Kinsey
started school this week- hospital school, one hour a day, one-on-one
with a teacher. The doctor actually gave us the option in the 11th hour
to send her to "real" school, although he advised against it.
He warned us of the risks and how much she would need to miss, etc. We
talked to her about it and she said, "If it means I might get sick
again and have to go back to the hospital, let's X it." So she began
school at the Children's Hospital of Wisconsin. I have imagined that day
many times and it never looked this way. I'm not sure what the school
doorway should have looked like, but I am sure it shouldn't have been
large electronic sliding glass opening into a lobby smelling of popcorn
and filled with tiny wheelchairs. She loves it, however. Really loves
it. The teacher did an assessment on the first day and asked her, "Can
you spell any words?" Kinsey said, "I can spell GENEROUS."
"Generous?" questioned Ms. Char. "Yes, G-E-N-E-R-O-U-S."
Char told me she almost fell out of her chair. "Can you spell CAT?"
"Oh, sure! C-A-T." She recommended we skip kindergarten and
go right to first grade. We have not done the official paperwork and are
not sure we want to yet, but Ms. Char has proceeded to first and second
grade curriculum. Kinsey asks me, "What is 437 + 49?" I say,
"Let me get the calculator or at least some paper." By the time
I do, she has usually come up with the answer on her own.

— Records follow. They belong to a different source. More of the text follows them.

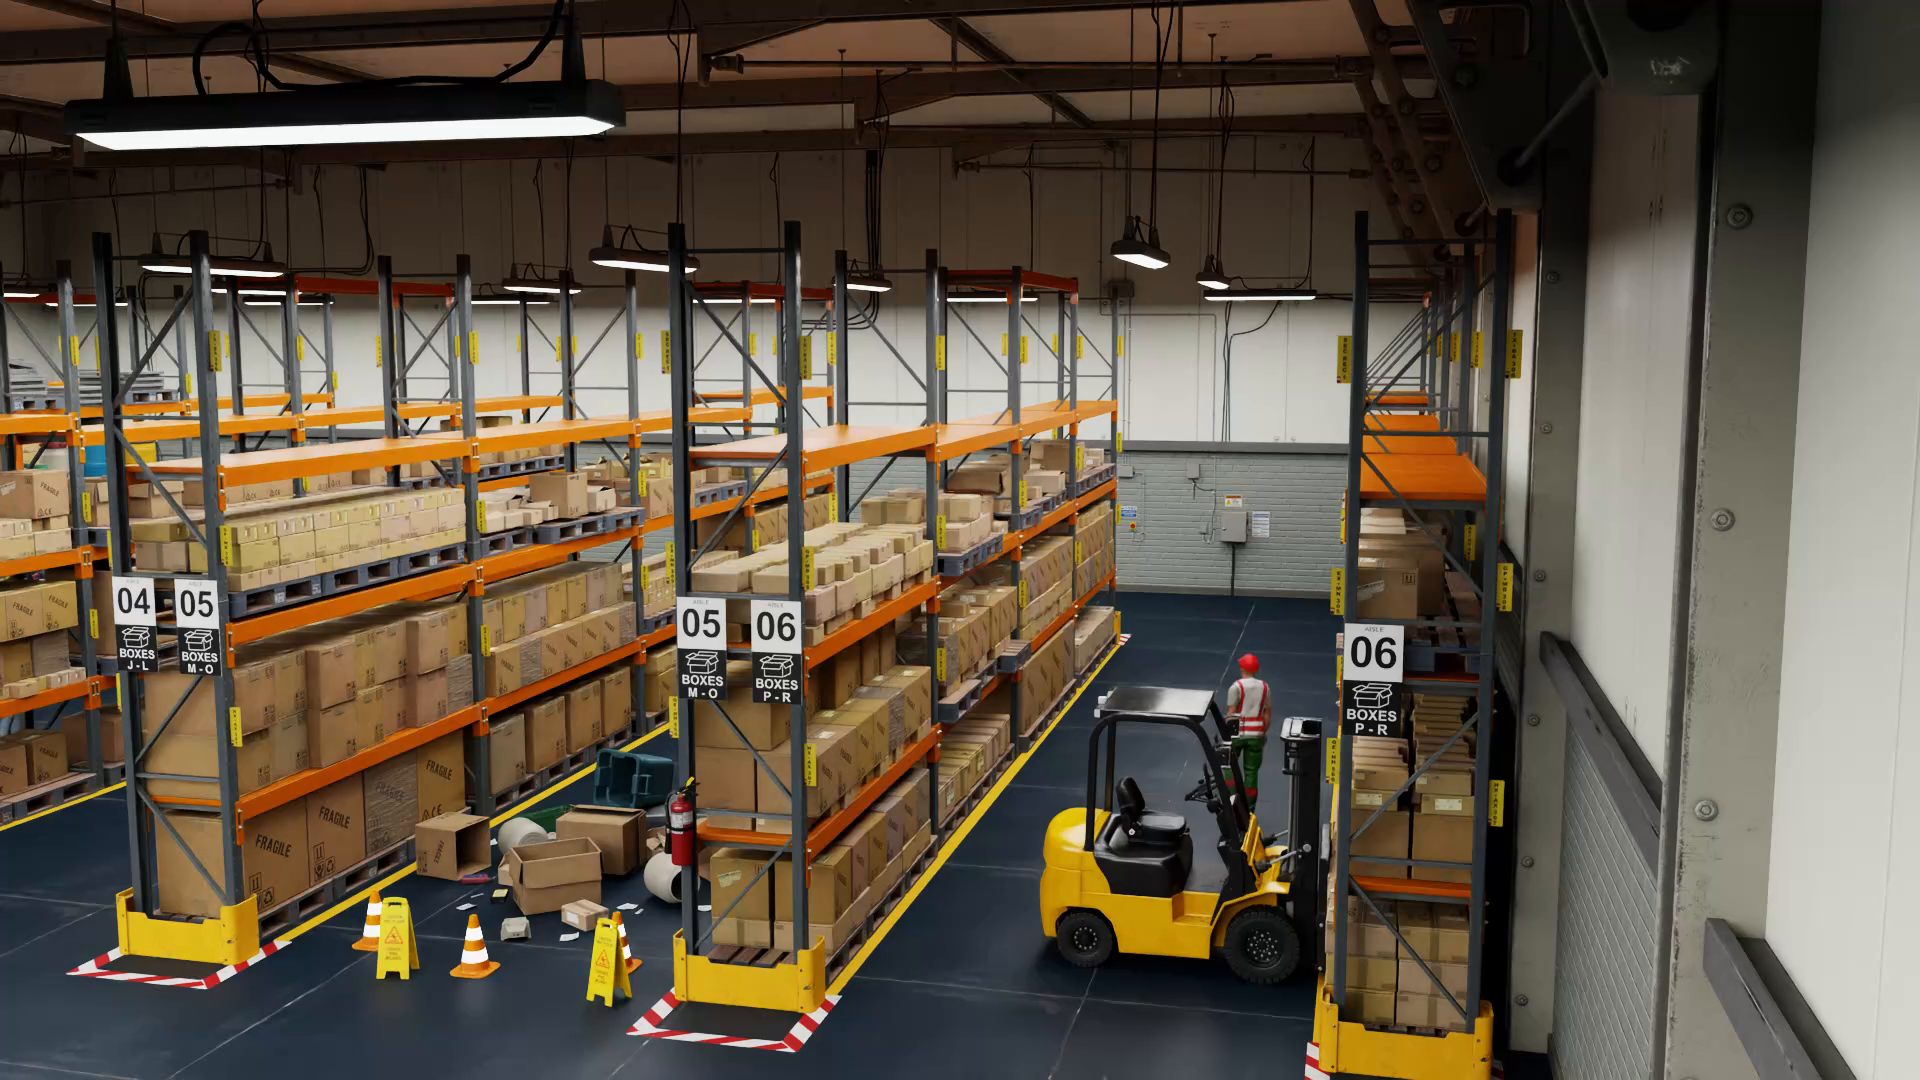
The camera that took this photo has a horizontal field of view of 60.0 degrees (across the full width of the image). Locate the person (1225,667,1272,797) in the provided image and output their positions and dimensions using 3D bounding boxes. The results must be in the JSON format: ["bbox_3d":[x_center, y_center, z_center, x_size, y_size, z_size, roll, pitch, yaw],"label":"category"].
[{"bbox_3d":[3.077,2.148,17.815,0.539,1.760,0.528,0,7,-1],"label":"person"}]
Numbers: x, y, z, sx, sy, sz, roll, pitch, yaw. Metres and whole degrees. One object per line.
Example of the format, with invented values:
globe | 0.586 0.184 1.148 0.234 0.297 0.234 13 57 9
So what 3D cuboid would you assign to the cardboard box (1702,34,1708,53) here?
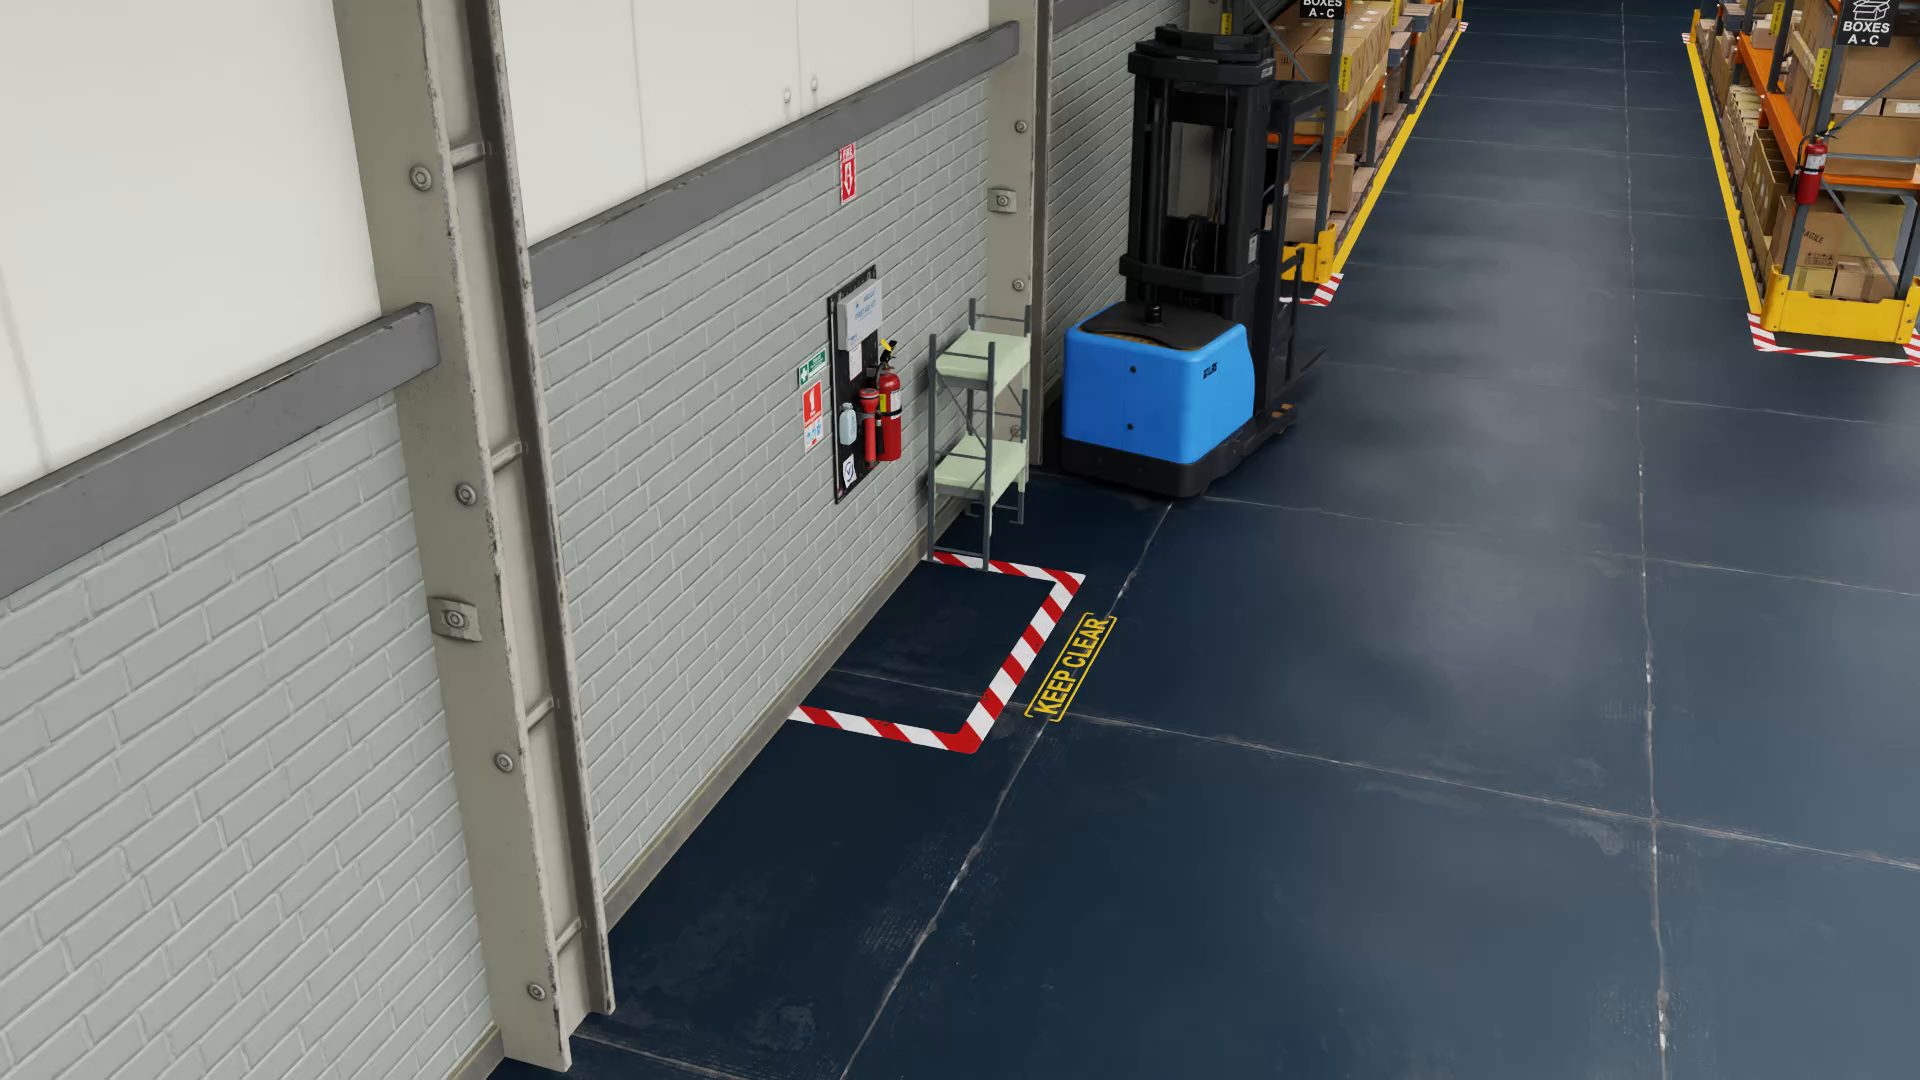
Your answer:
cardboard box | 11.797 -7.685 25.762 0.500 0.311 0.500 9 27 17

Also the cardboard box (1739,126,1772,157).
cardboard box | 8.995 -4.453 18.535 0.500 0.311 0.500 10 27 19

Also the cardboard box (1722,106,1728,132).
cardboard box | 9.843 -5.249 20.823 0.500 0.250 0.500 9 27 17

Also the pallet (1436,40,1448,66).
pallet | 7.280 -7.877 26.777 1.003 0.211 1.213 9 27 17

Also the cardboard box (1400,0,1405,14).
cardboard box | 5.314 -7.002 21.150 0.700 0.500 0.500 6 27 13

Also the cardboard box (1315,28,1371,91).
cardboard box | 3.754 -4.744 16.395 0.500 0.500 0.500 8 27 16

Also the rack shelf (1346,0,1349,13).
rack shelf | 3.625 -5.748 16.563 1.077 0.370 4.000 9 27 17

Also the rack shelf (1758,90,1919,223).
rack shelf | 8.298 -3.681 15.736 1.077 0.370 4.000 9 27 17

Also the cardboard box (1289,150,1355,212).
cardboard box | 3.756 -3.772 17.463 0.700 0.500 0.500 7 27 14

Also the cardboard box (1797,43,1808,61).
cardboard box | 8.438 -4.764 16.288 0.380 0.149 0.250 8 27 17

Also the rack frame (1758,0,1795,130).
rack frame | 8.963 -4.827 17.277 1.000 3.000 0.127 9 27 17

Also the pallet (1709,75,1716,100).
pallet | 11.390 -6.519 23.973 1.003 0.211 1.213 9 27 17

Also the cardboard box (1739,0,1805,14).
cardboard box | 10.398 -6.980 21.127 0.700 0.500 0.500 0 26 0

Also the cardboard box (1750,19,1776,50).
cardboard box | 9.814 -6.091 19.990 0.500 0.311 0.500 8 27 17

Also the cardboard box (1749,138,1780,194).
cardboard box | 8.355 -3.764 16.894 0.500 0.500 0.500 9 27 17

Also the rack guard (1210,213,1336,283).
rack guard | 2.985 -2.806 15.971 1.175 0.500 0.348 9 27 17

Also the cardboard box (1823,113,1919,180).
cardboard box | 7.800 -3.418 14.252 0.700 0.500 0.500 9 27 17

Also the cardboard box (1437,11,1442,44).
cardboard box | 7.298 -8.187 26.604 0.700 0.500 0.500 9 27 18

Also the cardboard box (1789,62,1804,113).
cardboard box | 8.652 -4.471 16.427 0.700 0.500 0.500 8 27 17

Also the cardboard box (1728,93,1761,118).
cardboard box | 9.676 -5.284 20.252 0.500 0.311 0.500 8 27 16

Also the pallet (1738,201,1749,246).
pallet | 8.659 -3.251 17.222 1.003 0.211 1.213 9 27 17

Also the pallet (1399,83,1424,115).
pallet | 5.955 -6.245 23.406 1.003 0.211 1.213 9 27 17

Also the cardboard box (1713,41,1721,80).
cardboard box | 11.068 -6.803 23.722 0.500 0.500 0.500 9 27 18

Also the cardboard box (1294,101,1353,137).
cardboard box | 3.421 -3.996 15.709 0.500 0.250 0.500 8 27 16

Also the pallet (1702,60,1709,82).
pallet | 11.855 -7.141 25.257 1.003 0.211 1.213 9 27 17

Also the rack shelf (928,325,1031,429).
rack shelf | 0.126 -1.009 10.208 0.431 0.370 0.720 10 27 17

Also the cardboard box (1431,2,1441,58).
cardboard box | 6.859 -7.766 25.333 0.750 0.750 0.750 9 27 18

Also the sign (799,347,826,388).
sign | -0.750 -0.880 8.476 0.001 0.109 0.331 9 27 17

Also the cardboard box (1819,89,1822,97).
cardboard box | 7.750 -3.917 14.539 0.380 0.149 0.250 8 27 17

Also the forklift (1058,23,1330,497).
forklift | 1.889 -2.203 11.937 1.130 2.935 3.031 15 30 28

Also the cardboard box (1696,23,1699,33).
cardboard box | 12.410 -8.456 27.519 0.380 0.166 0.250 9 27 17

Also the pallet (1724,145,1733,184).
pallet | 9.576 -4.383 19.560 1.003 0.211 1.213 9 27 17

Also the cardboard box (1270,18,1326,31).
cardboard box | 3.428 -5.029 16.983 0.500 0.500 0.500 9 27 18

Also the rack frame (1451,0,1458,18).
rack frame | 8.284 -10.475 28.942 1.000 3.000 0.127 9 27 17

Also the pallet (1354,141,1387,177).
pallet | 4.548 -4.609 20.026 1.003 0.211 1.213 9 27 17

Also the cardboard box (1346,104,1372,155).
cardboard box | 4.520 -4.921 19.836 0.700 0.500 0.500 10 27 19

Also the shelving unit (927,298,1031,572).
shelving unit | 0.118 -0.659 10.380 0.431 1.500 0.755 10 27 17

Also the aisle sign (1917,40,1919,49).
aisle sign | 7.899 -4.281 13.168 0.394 0.787 0.004 9 27 17

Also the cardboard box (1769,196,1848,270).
cardboard box | 7.530 -2.735 14.770 0.500 0.500 0.500 9 27 17

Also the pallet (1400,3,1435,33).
pallet | 5.485 -6.793 21.557 1.213 0.211 1.003 9 27 17

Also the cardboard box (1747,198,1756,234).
cardboard box | 8.181 -3.222 16.636 0.500 0.250 0.500 9 27 17

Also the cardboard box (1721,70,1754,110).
cardboard box | 10.384 -5.962 21.985 0.500 0.500 0.500 10 28 19

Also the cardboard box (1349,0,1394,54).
cardboard box | 4.425 -5.583 18.128 0.500 0.500 0.500 9 27 17

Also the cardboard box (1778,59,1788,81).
cardboard box | 9.083 -5.154 18.107 0.396 0.266 0.258 8 27 16

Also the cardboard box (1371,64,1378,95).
cardboard box | 4.092 -4.834 17.441 0.500 0.250 0.500 9 27 17

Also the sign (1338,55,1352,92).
sign | 3.471 -4.211 15.011 0.100 0.325 0.005 9 27 17

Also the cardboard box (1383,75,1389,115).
cardboard box | 5.150 -5.762 21.572 0.700 0.500 0.500 9 27 17

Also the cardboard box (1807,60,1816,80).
cardboard box | 8.094 -4.342 15.417 0.380 0.149 0.250 8 27 17

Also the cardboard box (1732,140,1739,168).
cardboard box | 9.168 -4.408 19.086 0.500 0.250 0.500 9 27 19

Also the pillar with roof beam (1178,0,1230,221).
pillar with roof beam | 6.436 -6.389 13.619 9.100 9.000 0.400 9 27 17

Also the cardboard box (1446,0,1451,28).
cardboard box | 7.979 -9.031 28.347 0.700 0.500 0.500 9 27 17

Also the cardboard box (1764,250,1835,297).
cardboard box | 7.532 -2.397 14.933 0.500 0.250 0.500 9 27 17

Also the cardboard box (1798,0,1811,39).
cardboard box | 8.822 -5.272 16.594 0.700 0.500 0.500 9 27 18

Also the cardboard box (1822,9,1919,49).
cardboard box | 8.154 -4.448 14.890 0.700 0.500 0.500 9 27 18

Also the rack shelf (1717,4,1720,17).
rack shelf | 12.291 -8.612 25.921 1.077 0.370 4.000 9 27 17

I still remember Kinsey's first day of pre-school at All Angels. She wore
a little denim jumper and new shoes. She had a new haircut and looked
nervous but excited in the pictures I snapped outside before taking her
in. Audrey dressed her before I had a chance to say, "Let's let her
wear a dress." So she didn't wear anything special, but I did ask
Audrey to take a picture anyway outside the hospital. I think now I should
have picked out something more special and fixed her hair. We did take
her shopping to get a new book bag, pencils, scissors, crayons, primary
writing pad, and glue. She had most of those things already, but... Her
book bag has wheels-, which she needs for all the books she brings back
and forth. She decides how much homework she does each day, and she's
not easy on herself. It weighs about 10 lbs.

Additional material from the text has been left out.